CRS must be preserved
The output GeoDataFrame should use the raster CRS:
gdf = gpd.GeoDataFrame(records, crs=crs)
If the output does not align with other layers, the problem is usually CRS assignment or later reprojection.
Invalid geometries can appear
Polygonized output can sometimes include invalid geometries, especially from complex raster edges. Check validity if later overlay operations fail:
invalid = ~gdf.is_valid
print(gdf[invalid])
Large rasters can be slow to polygonize
Very large rasters can be slow and memory-intensive to process. The output can also contain complex or multipart geometries. In practice, it often helps to clip the raster to the area of interest first.
Internal links
If you need background on when this workflow makes sense, see Raster vs vector data in GIS.
Related next steps:
If your output layer does not line up with other data, see How to fix CRS mismatch errors in GeoPandas.
FAQ
How do I convert a raster to polygons in Python?
Use rasterio to read the raster and rasterio.features.shapes to extract polygon geometries from grouped pixel regions. Then store the result in a GeoDataFrame and export it.
What Python library is used to polygonize a raster?
The standard tool is rasterio.features.shapes. GeoPandas is commonly used after that to manage and save the vector output.
Can I convert only one raster value to vector polygons?
Yes. Build a mask such as band == 1 and polygonize only that class.
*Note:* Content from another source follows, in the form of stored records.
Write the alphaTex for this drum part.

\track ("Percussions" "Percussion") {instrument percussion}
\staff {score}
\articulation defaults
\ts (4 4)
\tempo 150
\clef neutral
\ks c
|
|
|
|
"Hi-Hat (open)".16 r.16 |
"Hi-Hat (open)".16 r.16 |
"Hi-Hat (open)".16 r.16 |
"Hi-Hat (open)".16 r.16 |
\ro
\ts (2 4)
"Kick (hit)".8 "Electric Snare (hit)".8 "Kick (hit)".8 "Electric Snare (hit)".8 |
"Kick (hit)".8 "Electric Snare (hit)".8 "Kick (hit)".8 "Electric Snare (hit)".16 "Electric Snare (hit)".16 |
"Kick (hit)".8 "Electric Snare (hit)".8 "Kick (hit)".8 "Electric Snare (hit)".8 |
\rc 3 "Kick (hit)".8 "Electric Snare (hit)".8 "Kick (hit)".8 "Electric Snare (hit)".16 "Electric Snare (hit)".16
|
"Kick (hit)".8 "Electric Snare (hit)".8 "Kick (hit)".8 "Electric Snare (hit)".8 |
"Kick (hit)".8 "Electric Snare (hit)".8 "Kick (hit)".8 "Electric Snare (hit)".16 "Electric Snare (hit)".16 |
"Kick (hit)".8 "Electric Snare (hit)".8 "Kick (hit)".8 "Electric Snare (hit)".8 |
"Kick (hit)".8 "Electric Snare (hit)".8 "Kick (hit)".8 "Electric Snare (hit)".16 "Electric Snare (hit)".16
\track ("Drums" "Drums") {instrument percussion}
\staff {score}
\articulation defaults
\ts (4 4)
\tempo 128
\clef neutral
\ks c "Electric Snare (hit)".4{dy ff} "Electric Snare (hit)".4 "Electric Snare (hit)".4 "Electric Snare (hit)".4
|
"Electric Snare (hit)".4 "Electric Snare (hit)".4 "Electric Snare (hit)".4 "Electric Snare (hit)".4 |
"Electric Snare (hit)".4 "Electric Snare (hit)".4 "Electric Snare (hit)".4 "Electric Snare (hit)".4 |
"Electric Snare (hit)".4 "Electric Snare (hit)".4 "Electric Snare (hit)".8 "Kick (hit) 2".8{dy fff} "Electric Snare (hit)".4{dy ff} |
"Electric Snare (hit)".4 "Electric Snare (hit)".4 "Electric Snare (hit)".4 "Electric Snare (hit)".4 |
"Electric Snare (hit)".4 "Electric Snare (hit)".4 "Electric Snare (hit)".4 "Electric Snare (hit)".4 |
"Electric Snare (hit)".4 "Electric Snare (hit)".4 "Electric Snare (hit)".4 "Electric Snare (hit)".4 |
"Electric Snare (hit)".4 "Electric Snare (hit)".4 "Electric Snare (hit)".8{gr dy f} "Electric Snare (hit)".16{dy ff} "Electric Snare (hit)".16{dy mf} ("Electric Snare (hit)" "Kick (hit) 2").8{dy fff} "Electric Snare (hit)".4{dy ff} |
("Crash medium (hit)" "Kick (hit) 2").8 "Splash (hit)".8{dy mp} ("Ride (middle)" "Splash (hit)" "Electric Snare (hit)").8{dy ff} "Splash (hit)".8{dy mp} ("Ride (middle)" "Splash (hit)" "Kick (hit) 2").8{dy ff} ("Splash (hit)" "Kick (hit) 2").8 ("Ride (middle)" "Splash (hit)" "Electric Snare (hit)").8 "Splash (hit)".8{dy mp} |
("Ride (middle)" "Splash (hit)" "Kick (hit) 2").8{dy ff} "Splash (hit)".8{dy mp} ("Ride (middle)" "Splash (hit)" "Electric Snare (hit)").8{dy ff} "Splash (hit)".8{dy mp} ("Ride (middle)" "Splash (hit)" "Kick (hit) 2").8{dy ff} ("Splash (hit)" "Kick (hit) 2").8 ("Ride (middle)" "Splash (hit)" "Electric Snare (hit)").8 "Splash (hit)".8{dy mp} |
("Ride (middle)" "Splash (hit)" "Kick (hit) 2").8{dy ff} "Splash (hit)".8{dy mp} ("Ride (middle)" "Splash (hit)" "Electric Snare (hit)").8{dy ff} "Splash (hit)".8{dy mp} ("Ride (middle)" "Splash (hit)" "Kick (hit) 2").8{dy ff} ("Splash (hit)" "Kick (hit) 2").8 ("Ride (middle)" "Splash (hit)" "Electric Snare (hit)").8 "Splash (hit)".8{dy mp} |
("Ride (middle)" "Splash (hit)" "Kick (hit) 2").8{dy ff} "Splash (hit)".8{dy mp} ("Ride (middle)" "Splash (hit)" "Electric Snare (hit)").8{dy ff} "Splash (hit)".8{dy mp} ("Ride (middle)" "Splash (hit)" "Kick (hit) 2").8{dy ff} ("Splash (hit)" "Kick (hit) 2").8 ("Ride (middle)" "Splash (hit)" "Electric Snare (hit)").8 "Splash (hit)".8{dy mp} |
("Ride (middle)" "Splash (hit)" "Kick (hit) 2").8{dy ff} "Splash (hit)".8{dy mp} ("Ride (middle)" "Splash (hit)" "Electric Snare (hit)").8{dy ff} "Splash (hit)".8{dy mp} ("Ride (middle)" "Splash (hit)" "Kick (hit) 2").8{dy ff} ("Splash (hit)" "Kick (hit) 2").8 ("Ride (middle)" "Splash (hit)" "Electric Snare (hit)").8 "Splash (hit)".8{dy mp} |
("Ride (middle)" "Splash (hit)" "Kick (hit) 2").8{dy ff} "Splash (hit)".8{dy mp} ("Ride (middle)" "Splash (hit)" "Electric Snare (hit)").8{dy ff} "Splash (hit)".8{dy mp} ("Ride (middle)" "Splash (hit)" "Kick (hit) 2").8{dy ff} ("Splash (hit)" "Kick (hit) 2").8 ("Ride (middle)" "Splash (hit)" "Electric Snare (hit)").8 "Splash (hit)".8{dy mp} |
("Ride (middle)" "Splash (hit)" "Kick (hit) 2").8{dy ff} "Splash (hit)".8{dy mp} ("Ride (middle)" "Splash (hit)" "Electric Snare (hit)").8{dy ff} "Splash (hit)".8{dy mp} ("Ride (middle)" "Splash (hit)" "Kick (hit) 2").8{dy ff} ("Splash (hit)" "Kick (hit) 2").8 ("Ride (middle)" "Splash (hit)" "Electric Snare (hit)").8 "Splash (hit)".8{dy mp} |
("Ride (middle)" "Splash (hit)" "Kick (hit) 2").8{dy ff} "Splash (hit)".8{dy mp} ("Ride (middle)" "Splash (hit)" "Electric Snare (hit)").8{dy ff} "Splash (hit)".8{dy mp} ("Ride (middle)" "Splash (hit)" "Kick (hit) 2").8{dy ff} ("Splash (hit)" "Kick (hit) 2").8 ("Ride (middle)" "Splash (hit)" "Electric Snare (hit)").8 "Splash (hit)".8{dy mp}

This is common for binary masks like flooded versus not flooded.
Why does raster to vector conversion create too many polygons?
This usually happens when the raster is continuous or noisy. Many unique values or isolated pixels create many separate polygon regions. Reclassification or filtering is often needed first.
How do I save polygonized raster output as a Shapefile or GeoJSON?
Use GeoPandas:
gdf.to_file("output.shp")
gdf.to_file("output.geojson", driver="GeoJSON")
Shapefile is widely supported, while GeoJSON is often easier for web and exchange workflows.